_WORK INSTRUCTION:_ Exact transcription of the data below is required, without the images.

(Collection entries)
——
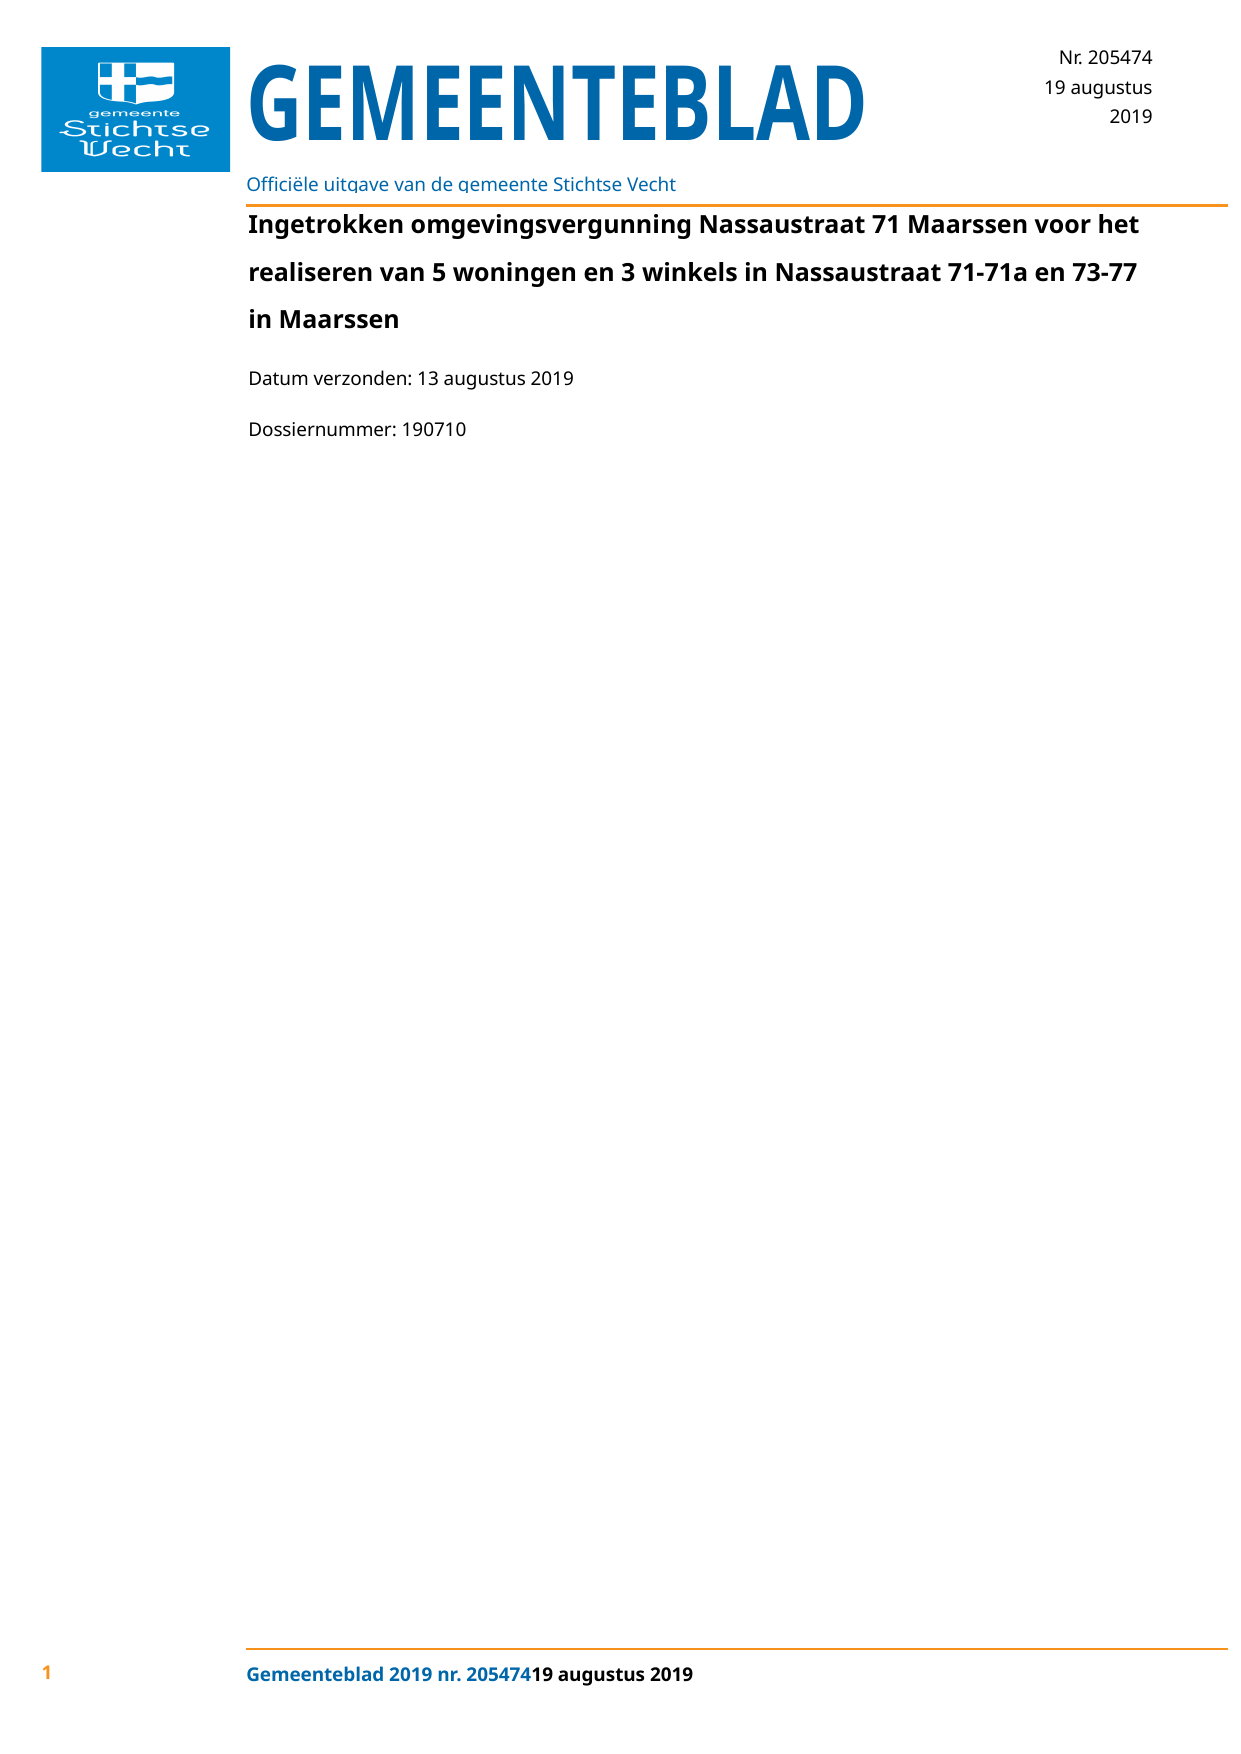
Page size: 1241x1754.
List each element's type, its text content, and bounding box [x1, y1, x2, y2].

text Dossiernummer: 190710 [248, 416, 1152, 442]
picture [99, 63, 135, 101]
picture [137, 63, 174, 103]
text Datum verzonden: 13 augustus 2019 [248, 366, 1152, 391]
text Ingetrokken omgevingsvergunning Nassaustraat 71 Maarssen voor het realiseren van 5 woningen en 3 winkels in Nassaustraat 71-71a en 73-77 in Maarssen [248, 207, 1152, 336]
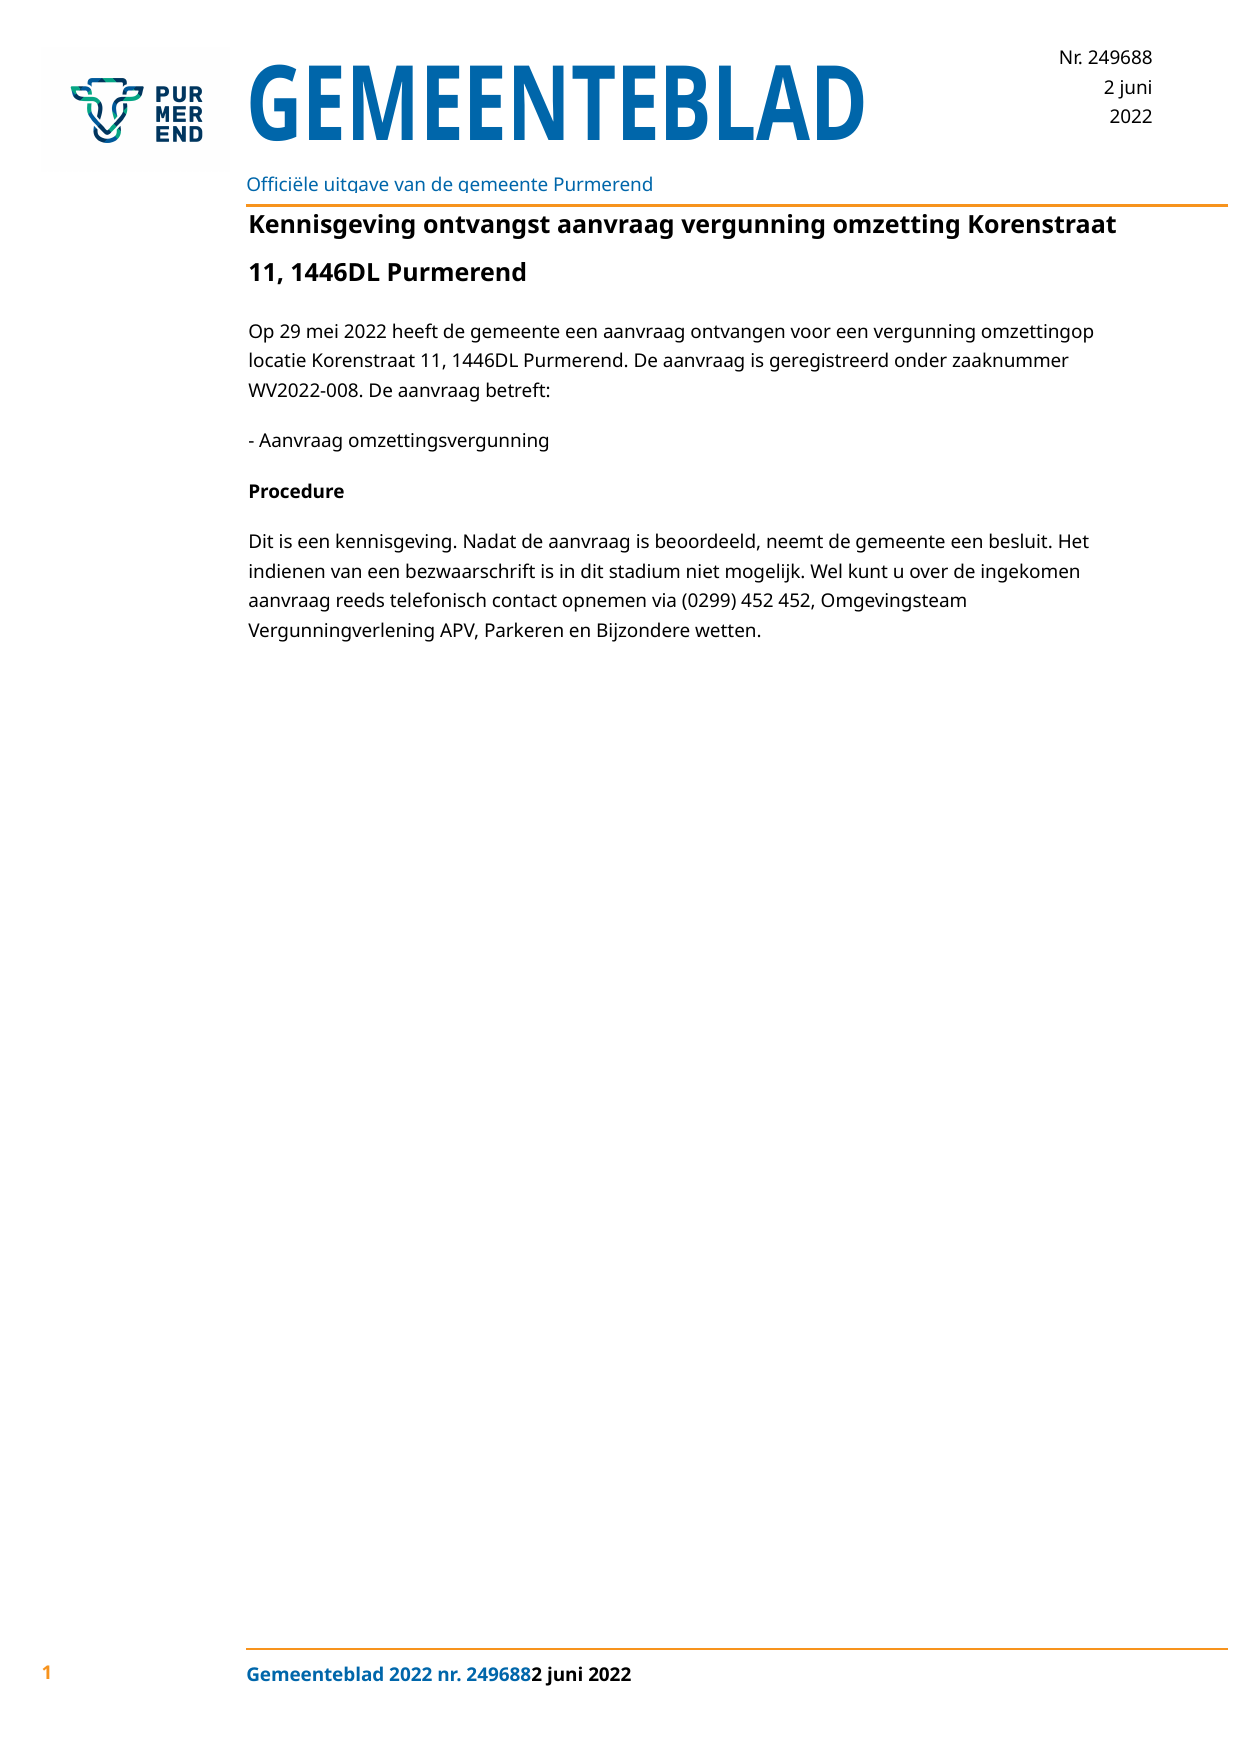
——
_ANSWER:_
Page size: 1241x1754.
List each element's type, its text content, and bounding box [x1, y1, x2, y2].

text Dossiernummer: 190710 [248, 416, 1152, 442]
picture [99, 63, 135, 101]
picture [137, 63, 174, 103]
text Datum verzonden: 13 augustus 2019 [248, 366, 1152, 391]
text Ingetrokken omgevingsvergunning Nassaustraat 71 Maarssen voor het realiseren van 5 woningen en 3 winkels in Nassaustraat 71-71a en 73-77 in Maarssen [248, 207, 1152, 336]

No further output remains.